━━━ Data to examine

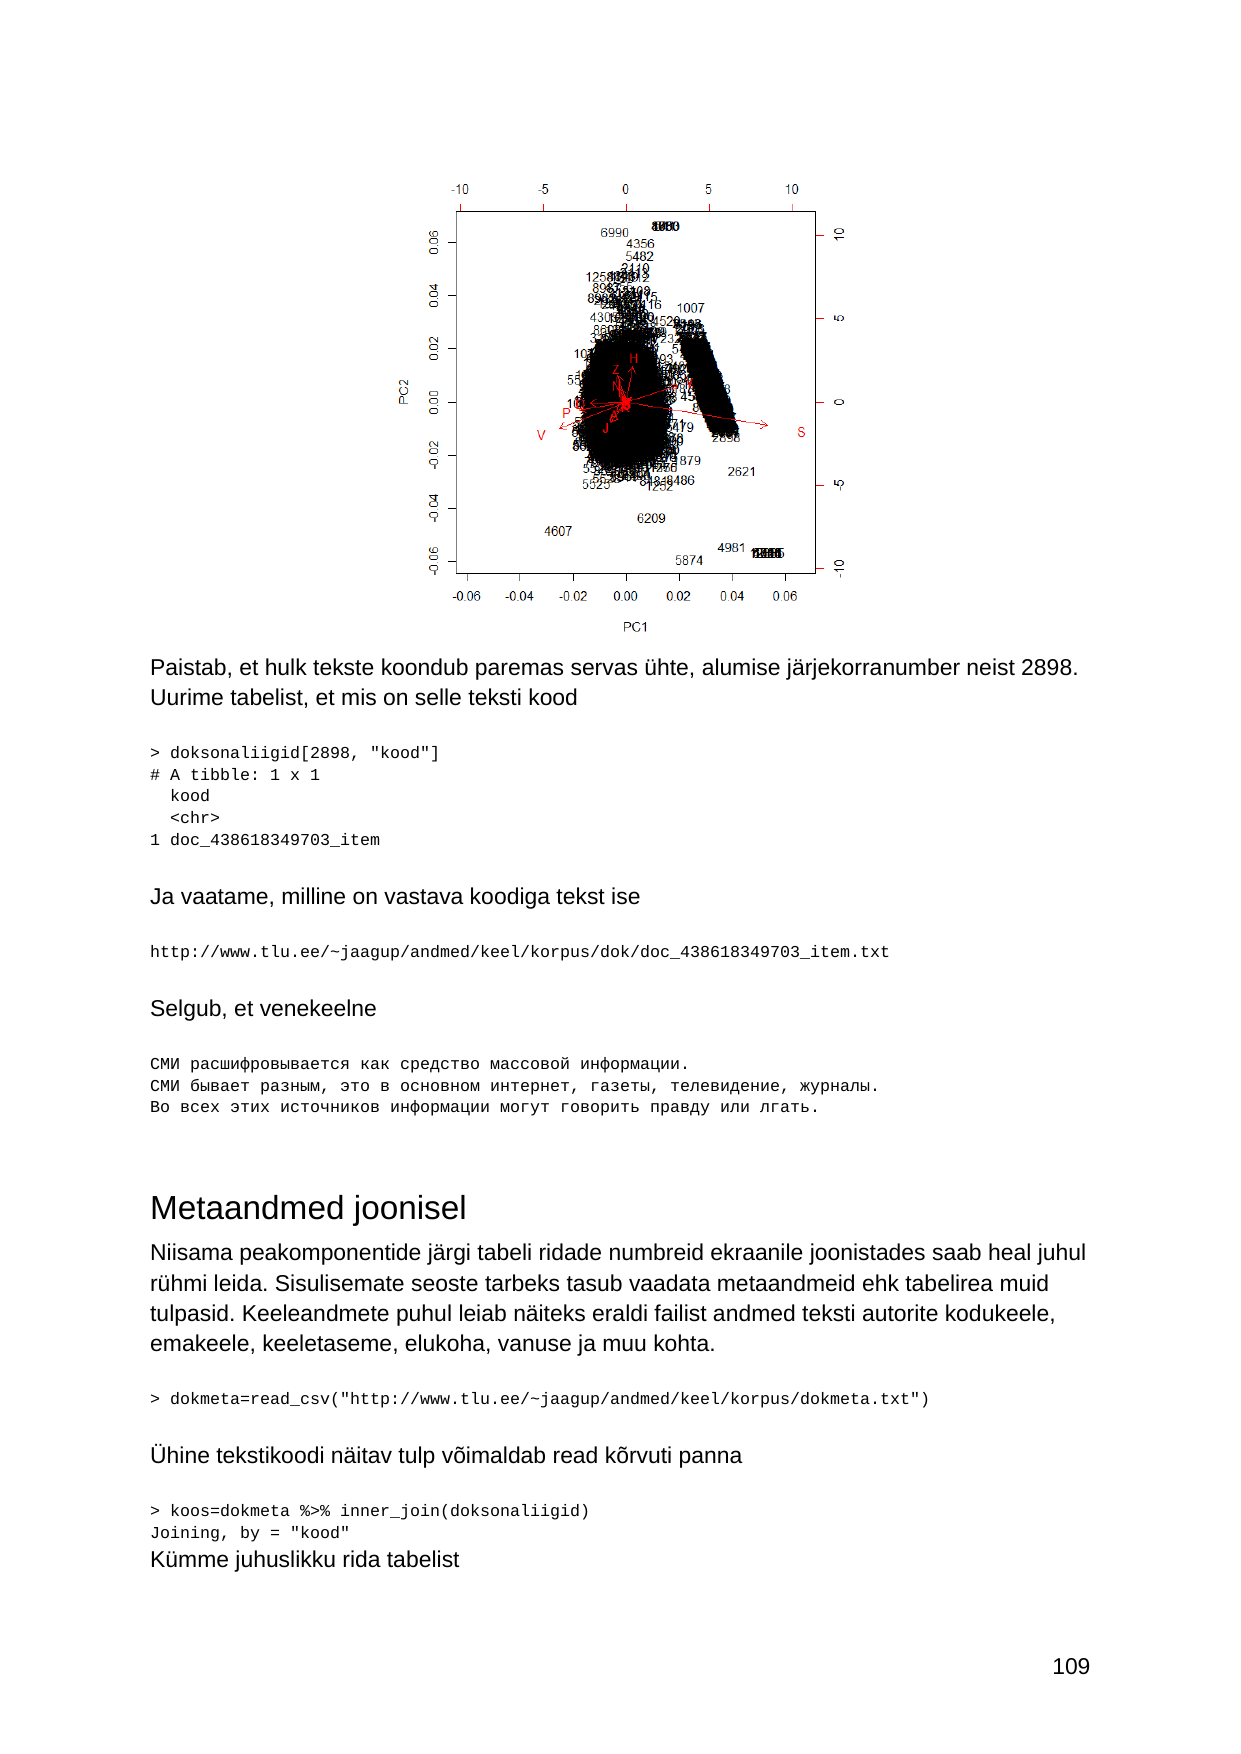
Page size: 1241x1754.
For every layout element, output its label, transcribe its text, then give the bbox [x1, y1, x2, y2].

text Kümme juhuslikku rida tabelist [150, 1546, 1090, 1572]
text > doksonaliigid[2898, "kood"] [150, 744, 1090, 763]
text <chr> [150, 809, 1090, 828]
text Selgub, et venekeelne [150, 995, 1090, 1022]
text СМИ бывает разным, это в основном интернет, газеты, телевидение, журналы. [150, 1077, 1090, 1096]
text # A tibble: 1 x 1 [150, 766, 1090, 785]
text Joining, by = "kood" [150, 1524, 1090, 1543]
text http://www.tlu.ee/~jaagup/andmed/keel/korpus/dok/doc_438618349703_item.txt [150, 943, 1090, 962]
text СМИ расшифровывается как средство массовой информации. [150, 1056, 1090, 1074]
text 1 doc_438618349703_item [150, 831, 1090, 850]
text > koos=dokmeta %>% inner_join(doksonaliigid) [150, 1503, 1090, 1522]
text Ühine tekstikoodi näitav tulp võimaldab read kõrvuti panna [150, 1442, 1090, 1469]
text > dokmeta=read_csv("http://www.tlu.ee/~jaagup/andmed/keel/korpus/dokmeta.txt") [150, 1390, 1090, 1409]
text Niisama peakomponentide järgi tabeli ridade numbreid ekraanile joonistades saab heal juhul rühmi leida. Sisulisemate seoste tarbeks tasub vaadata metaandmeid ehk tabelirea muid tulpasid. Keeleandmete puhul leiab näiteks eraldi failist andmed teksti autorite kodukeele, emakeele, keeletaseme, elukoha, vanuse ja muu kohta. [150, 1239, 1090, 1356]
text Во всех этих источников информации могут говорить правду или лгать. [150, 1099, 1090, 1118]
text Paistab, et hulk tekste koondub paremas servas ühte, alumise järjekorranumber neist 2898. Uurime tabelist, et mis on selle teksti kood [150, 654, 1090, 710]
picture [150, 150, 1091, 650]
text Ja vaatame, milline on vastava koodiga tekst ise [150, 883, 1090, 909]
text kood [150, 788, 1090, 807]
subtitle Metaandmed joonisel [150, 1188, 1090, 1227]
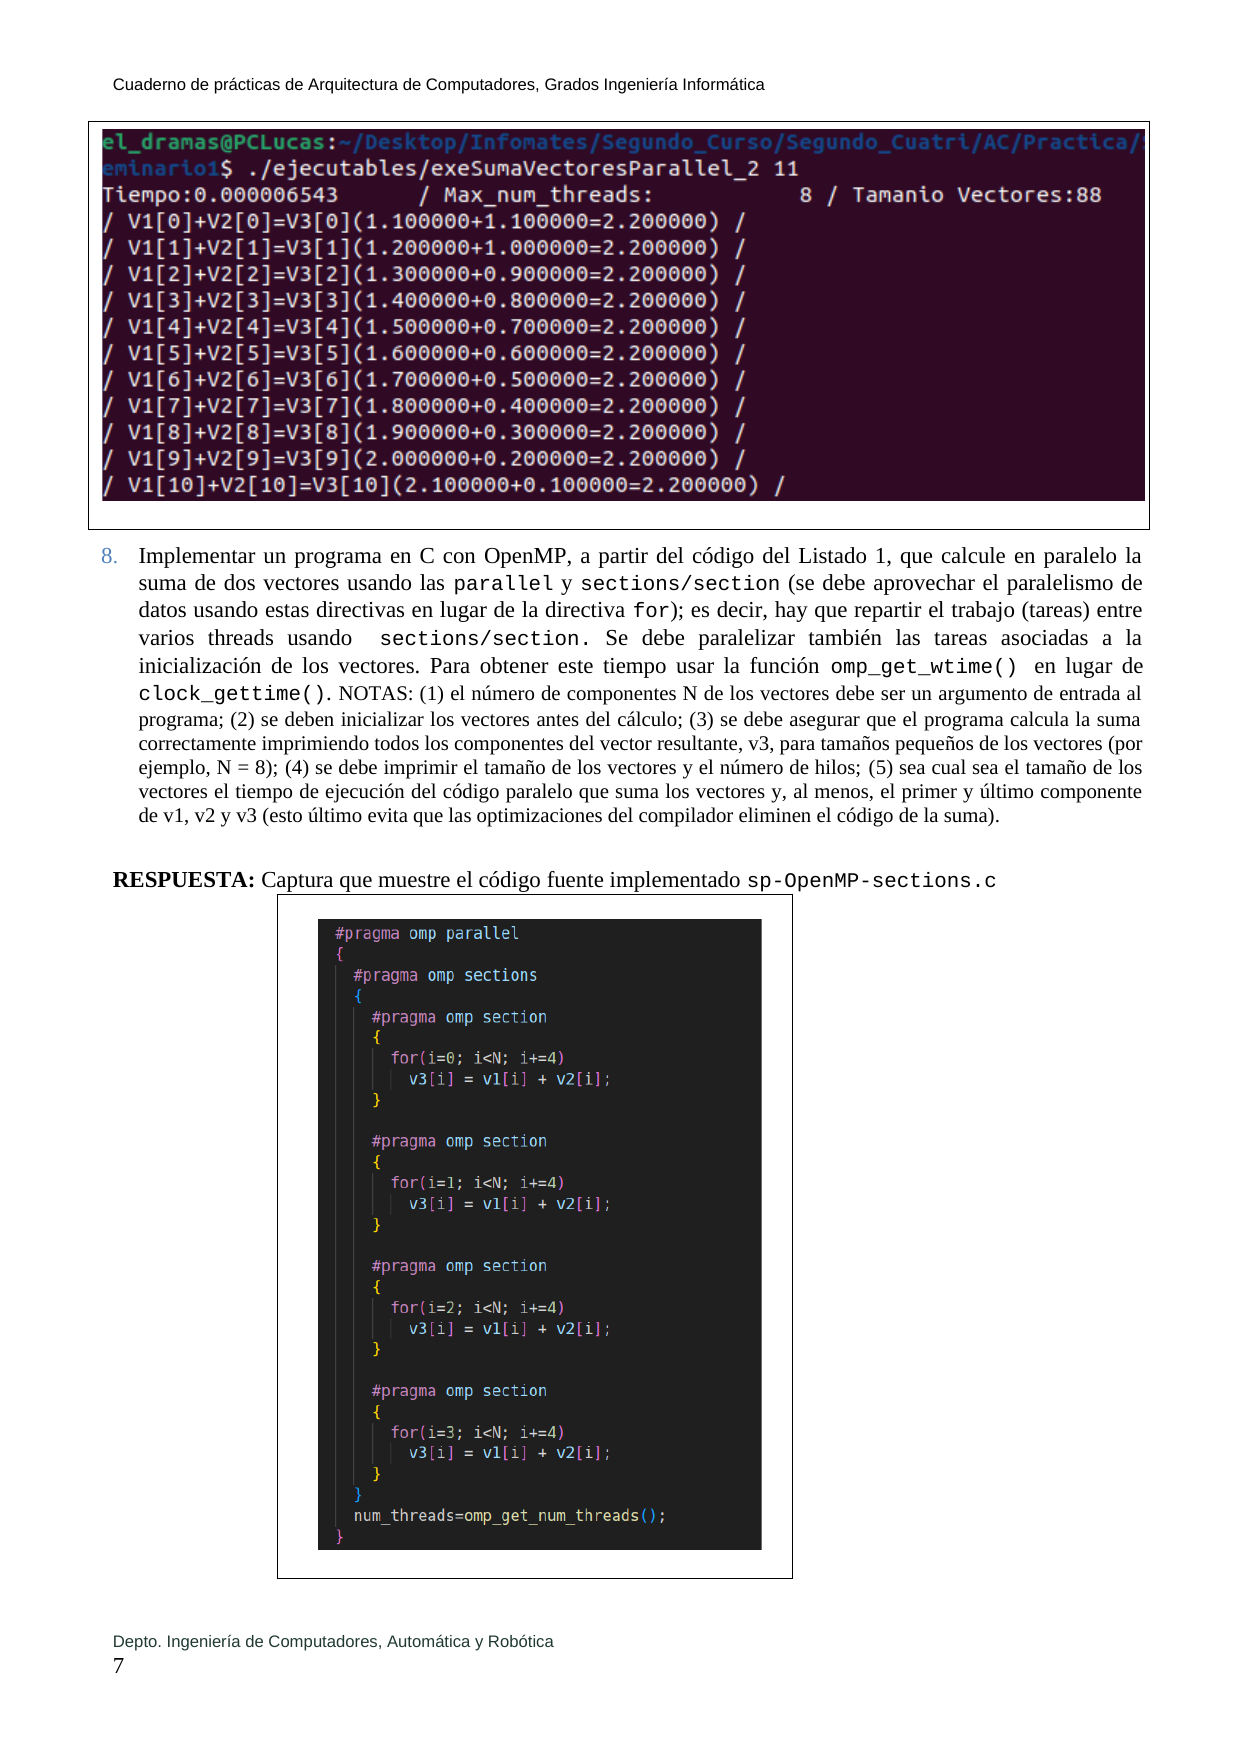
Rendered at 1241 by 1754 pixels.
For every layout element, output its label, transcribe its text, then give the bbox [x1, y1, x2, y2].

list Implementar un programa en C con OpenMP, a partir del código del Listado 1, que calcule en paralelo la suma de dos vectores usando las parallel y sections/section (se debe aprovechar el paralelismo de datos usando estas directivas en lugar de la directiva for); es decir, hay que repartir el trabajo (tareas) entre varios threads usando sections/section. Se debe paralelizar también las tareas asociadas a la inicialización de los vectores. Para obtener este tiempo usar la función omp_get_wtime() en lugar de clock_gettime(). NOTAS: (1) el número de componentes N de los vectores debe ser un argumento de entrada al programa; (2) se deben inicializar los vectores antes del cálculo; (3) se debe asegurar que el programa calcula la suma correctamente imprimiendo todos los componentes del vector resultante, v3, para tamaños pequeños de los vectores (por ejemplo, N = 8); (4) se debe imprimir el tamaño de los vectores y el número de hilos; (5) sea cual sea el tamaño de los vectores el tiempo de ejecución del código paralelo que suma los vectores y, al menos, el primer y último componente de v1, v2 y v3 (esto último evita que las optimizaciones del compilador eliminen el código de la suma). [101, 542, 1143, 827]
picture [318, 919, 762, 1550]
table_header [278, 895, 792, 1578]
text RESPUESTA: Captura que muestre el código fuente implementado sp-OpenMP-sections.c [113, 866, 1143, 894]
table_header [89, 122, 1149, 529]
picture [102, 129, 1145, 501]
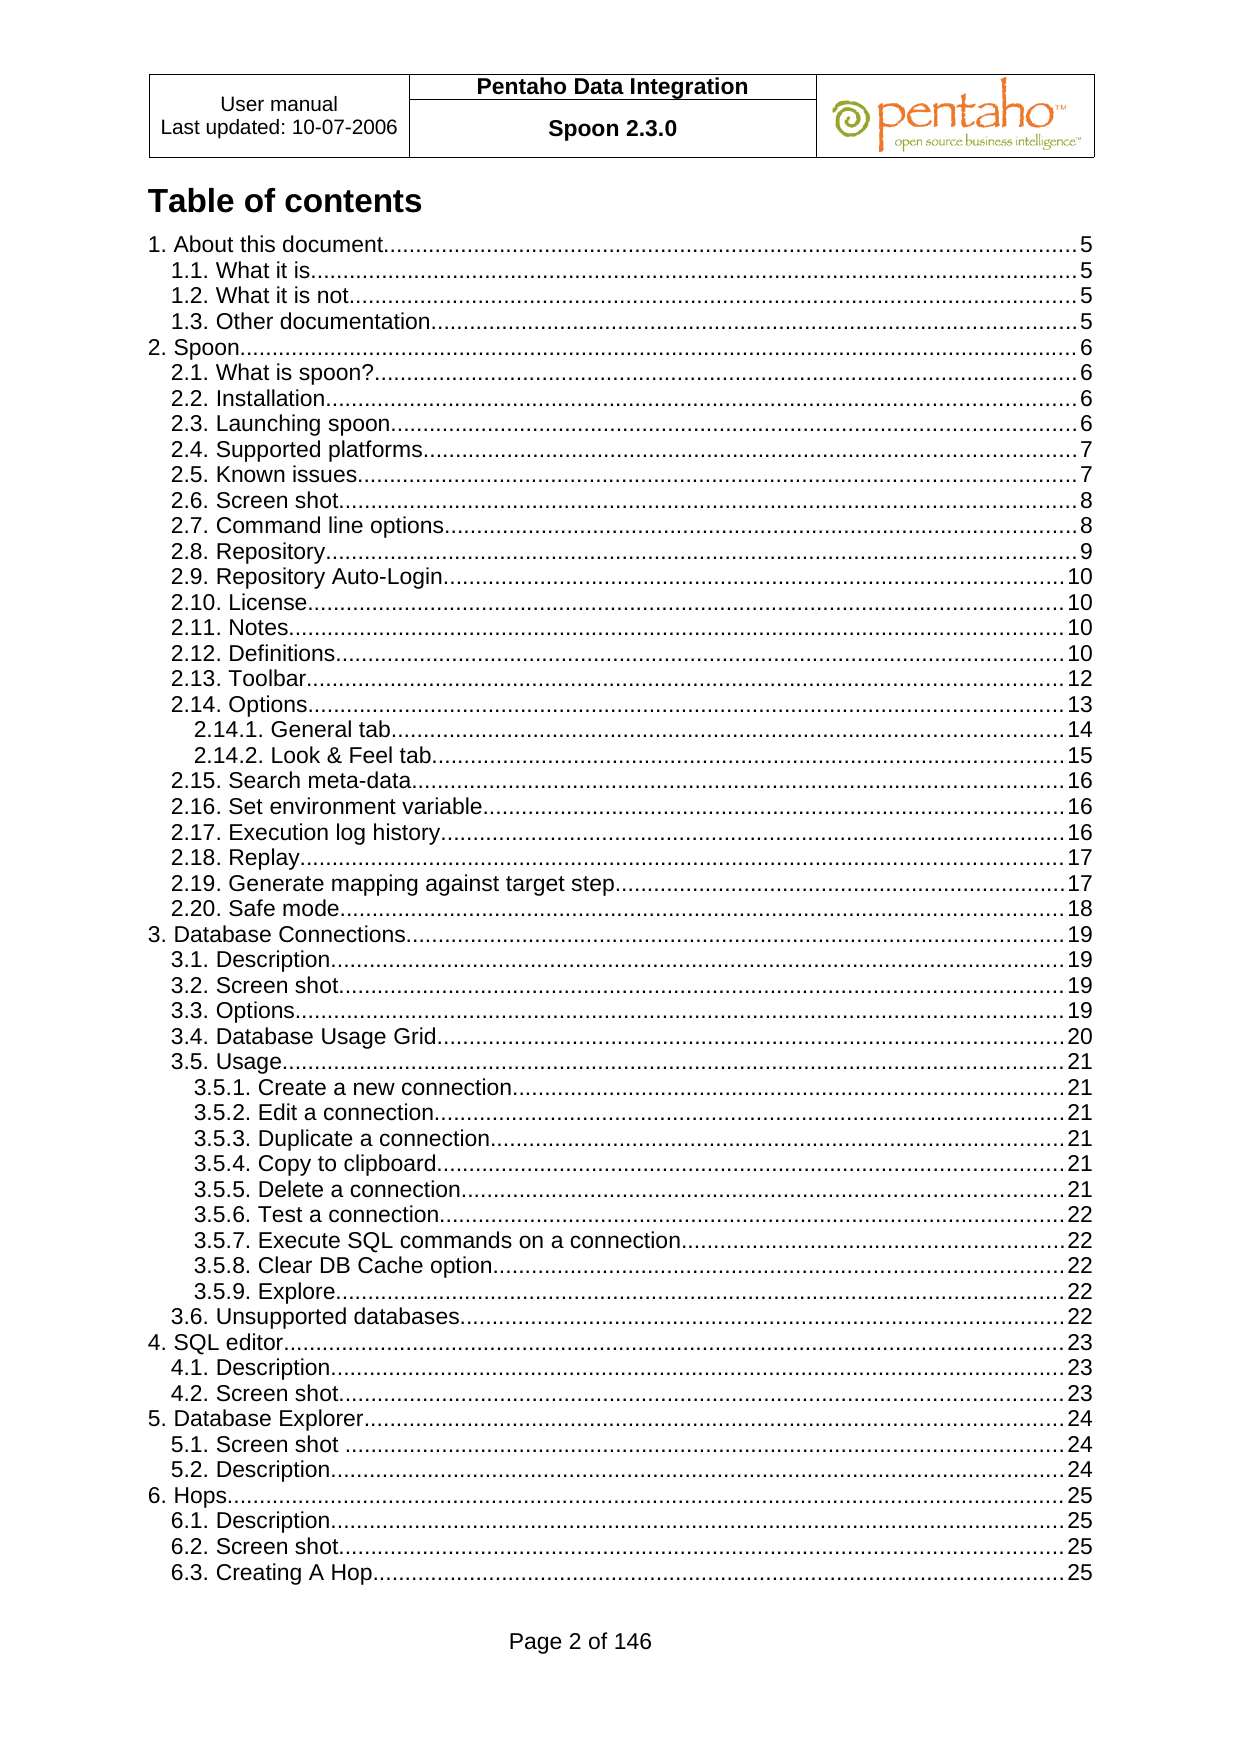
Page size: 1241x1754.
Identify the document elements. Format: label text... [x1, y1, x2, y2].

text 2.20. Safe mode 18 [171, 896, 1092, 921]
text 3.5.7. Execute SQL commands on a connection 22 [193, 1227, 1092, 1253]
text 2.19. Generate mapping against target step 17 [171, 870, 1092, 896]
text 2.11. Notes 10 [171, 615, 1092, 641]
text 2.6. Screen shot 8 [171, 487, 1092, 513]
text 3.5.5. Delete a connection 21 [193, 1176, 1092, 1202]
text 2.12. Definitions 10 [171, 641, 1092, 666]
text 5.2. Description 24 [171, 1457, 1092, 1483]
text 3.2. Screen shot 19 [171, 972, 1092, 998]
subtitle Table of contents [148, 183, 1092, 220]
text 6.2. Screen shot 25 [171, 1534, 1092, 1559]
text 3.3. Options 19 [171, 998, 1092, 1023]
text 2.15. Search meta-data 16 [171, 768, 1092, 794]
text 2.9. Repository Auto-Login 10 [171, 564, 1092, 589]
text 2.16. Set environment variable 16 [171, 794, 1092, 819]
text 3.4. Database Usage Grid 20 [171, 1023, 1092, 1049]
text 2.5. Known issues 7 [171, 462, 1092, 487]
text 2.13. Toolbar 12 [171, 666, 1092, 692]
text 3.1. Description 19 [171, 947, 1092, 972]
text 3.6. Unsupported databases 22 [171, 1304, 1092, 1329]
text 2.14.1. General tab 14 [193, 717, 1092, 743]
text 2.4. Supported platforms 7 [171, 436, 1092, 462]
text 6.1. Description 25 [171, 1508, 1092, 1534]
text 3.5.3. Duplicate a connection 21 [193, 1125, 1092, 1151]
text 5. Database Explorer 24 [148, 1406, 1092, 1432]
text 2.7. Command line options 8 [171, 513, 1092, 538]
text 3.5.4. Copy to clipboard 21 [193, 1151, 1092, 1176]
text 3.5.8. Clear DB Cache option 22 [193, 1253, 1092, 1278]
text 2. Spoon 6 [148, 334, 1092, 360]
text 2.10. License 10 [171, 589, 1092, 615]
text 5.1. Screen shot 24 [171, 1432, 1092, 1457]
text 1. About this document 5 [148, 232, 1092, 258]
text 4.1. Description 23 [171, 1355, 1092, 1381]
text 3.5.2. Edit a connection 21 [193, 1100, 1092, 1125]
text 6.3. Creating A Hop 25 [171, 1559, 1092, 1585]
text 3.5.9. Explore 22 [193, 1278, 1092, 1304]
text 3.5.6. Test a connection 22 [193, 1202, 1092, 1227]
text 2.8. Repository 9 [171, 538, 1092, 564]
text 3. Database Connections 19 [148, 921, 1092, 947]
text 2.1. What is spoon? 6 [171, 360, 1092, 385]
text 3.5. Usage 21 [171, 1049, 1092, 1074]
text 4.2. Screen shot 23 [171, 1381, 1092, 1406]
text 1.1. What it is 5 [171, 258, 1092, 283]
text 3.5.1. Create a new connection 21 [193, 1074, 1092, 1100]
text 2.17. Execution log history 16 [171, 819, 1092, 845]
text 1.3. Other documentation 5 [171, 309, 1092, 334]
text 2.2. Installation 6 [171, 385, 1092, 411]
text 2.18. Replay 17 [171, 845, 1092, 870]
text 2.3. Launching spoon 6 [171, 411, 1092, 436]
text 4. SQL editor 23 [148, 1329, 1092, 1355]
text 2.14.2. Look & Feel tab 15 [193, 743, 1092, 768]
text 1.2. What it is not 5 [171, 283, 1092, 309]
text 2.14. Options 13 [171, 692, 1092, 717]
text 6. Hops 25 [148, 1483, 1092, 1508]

━━━━━━

Activity →
Go through the material above line by line and work out how many lines contain the word "dokmeta"; give only that number.

Solution for this task →
2